Automotive technology Professor Tim Dell needed an electronic transmission shifter for a Lexus. Pittsburg State students enrolled in Automation 3: Immersive Experiences have taken up the project.  

Martin Tholstrup, junior in electronics engineering technology, is the team lead and project engineer.   

“…(Dell) hasn’t been able to operate it (the Lexus) and show it to his students because he doesn’t have any device that will shift through the different gears,” Tholstrup said. “We are basically combining automation with automotive…”  

Zachary Westfall, senior in the electrical engineering technology, is the lead electrician/assembler on the project.  

“The entire Automation 3 class is assigned different tasks on the project,” Westfall said. “…The class has done a really good job at working together on the project and assessing different objectives that have to be met. There has also been a lot of shared knowledge about the project that has made getting parts for the project easier and wiring go smoothly.”  
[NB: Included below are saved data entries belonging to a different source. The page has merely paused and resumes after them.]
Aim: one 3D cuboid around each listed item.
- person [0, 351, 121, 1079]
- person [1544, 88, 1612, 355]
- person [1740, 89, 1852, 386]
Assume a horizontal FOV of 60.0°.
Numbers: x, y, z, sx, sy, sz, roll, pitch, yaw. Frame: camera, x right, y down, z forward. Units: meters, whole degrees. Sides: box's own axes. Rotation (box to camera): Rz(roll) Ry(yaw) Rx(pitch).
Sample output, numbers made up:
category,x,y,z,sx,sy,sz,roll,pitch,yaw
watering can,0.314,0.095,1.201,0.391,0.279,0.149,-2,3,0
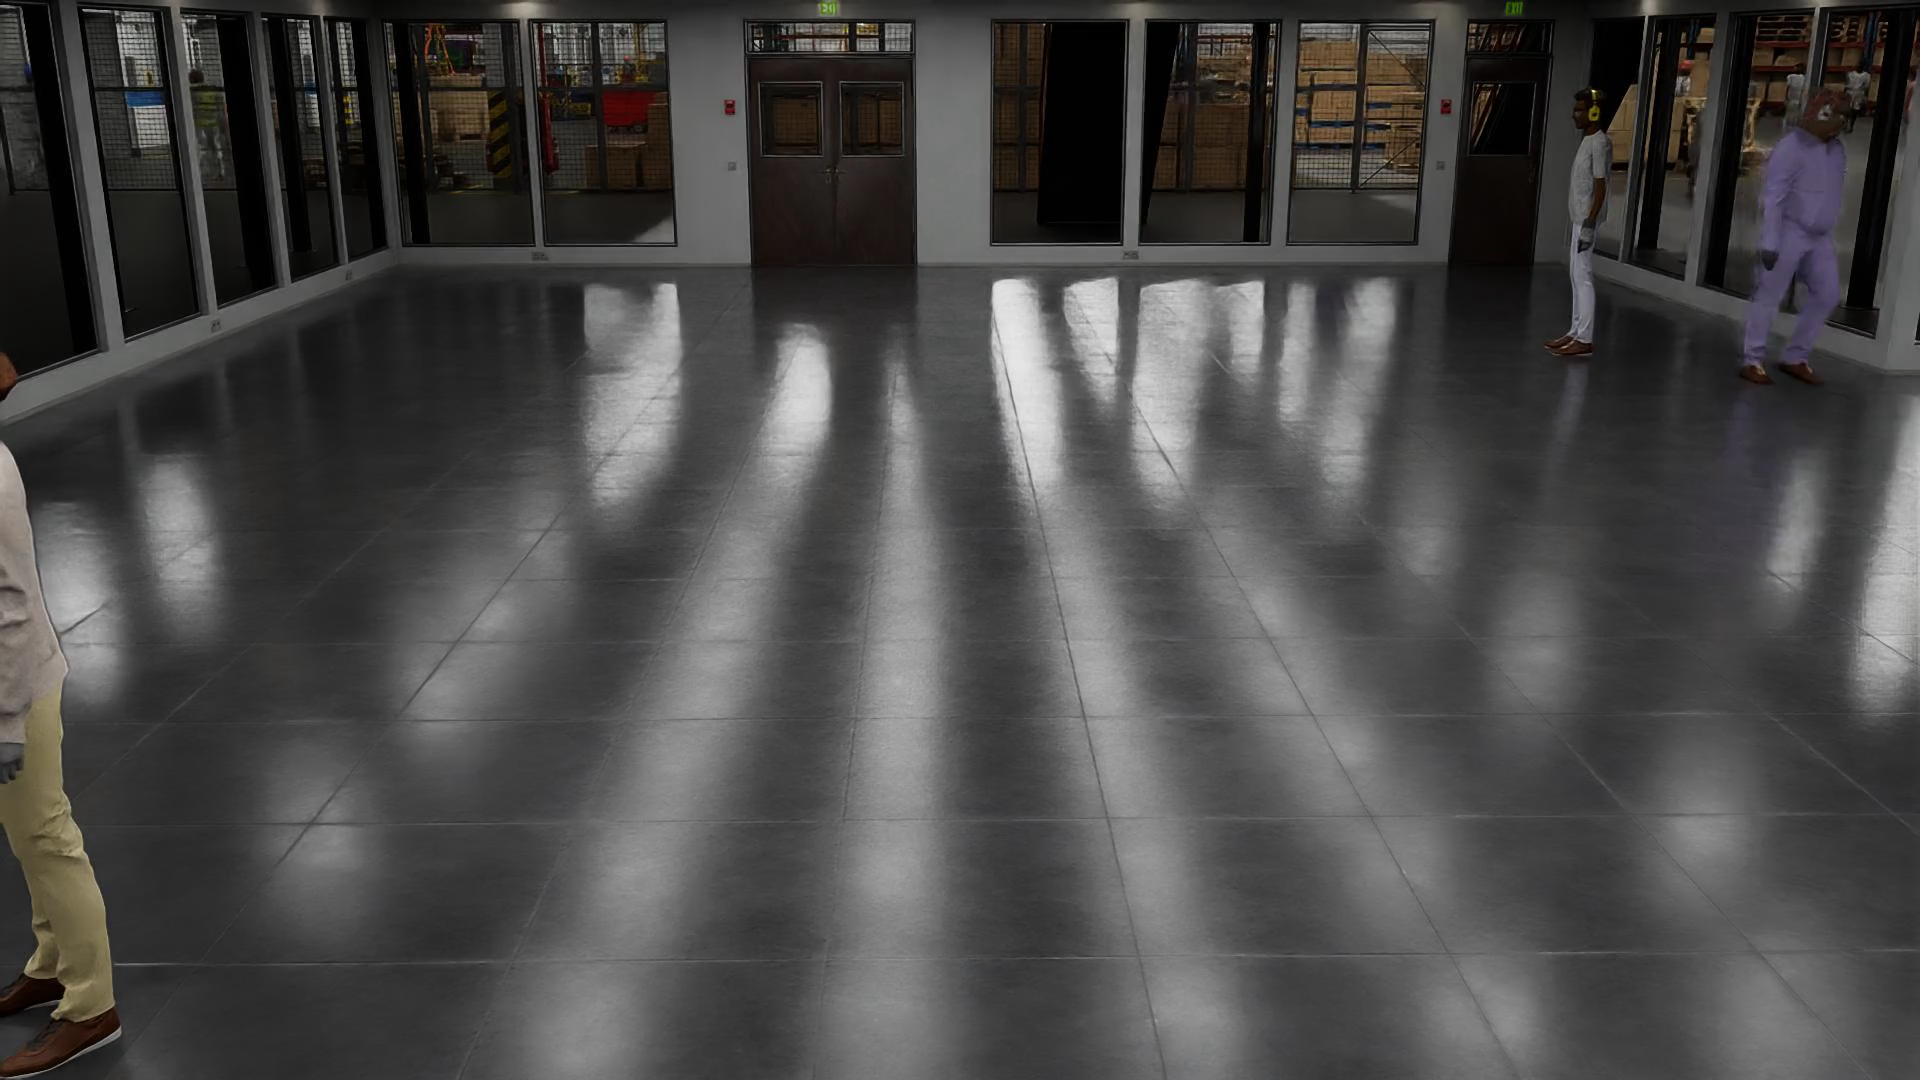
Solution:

In addition to Tholstrup and Westfall, there are six other students working on the project: Dedrick Cooper (lead physical designer), Trenton Allison (assistant electrician/assembler), Hayden Compton (lead automation engineer), Blake McCollough (assistant automation engineer), Kevin Birk (test engineer), and Josh Ray (documentation writer).  

According to Westfall, the students working on the project have had opportunities to learn and grow.  

“Working on the project has given Automation 3 the chance to learn more about car transmissions and more unique applications of PLC logic devices,” Westfall said.  

Tholstrup also believes that the project has been a test for the students and that they’ve learned a lot.  

“We have probably used almost every bit of knowledge that we have gained from the two previous automation courses on this project,” Tholstrup said. “This project has forced us to think outside-the-box as we were given only the little information that Dr. Dell was able to provide due to the transmission being newer and the manufacturers not giving out information freely. Professor Shaver’s classes, especially this one, have taught us, or at least me, to look at a problem from multiple angles and try to find the best possible solution. I try to live by Prof. Shaver’s saying, ‘A problem well-stated is a problem half solved.’ I think the problem for most of us was just stating the problem well because of the lack of answers out on the internet. I even went to automotive repair shops trying to find answers.  

In particular, Tholstrup feels like a better leader after the experiences with this project.  

“This project has really shown me that being a leader, especially of a group of seven people, which I have never done before, is not easy. The hardest part for me has been keeping communication alive and well. My team has all had their fair share of hardships on this project, as well, but we have definitely come out more knowledgeable than we were before.”  

The students hope to have the control system installed and operational before the end of the semester.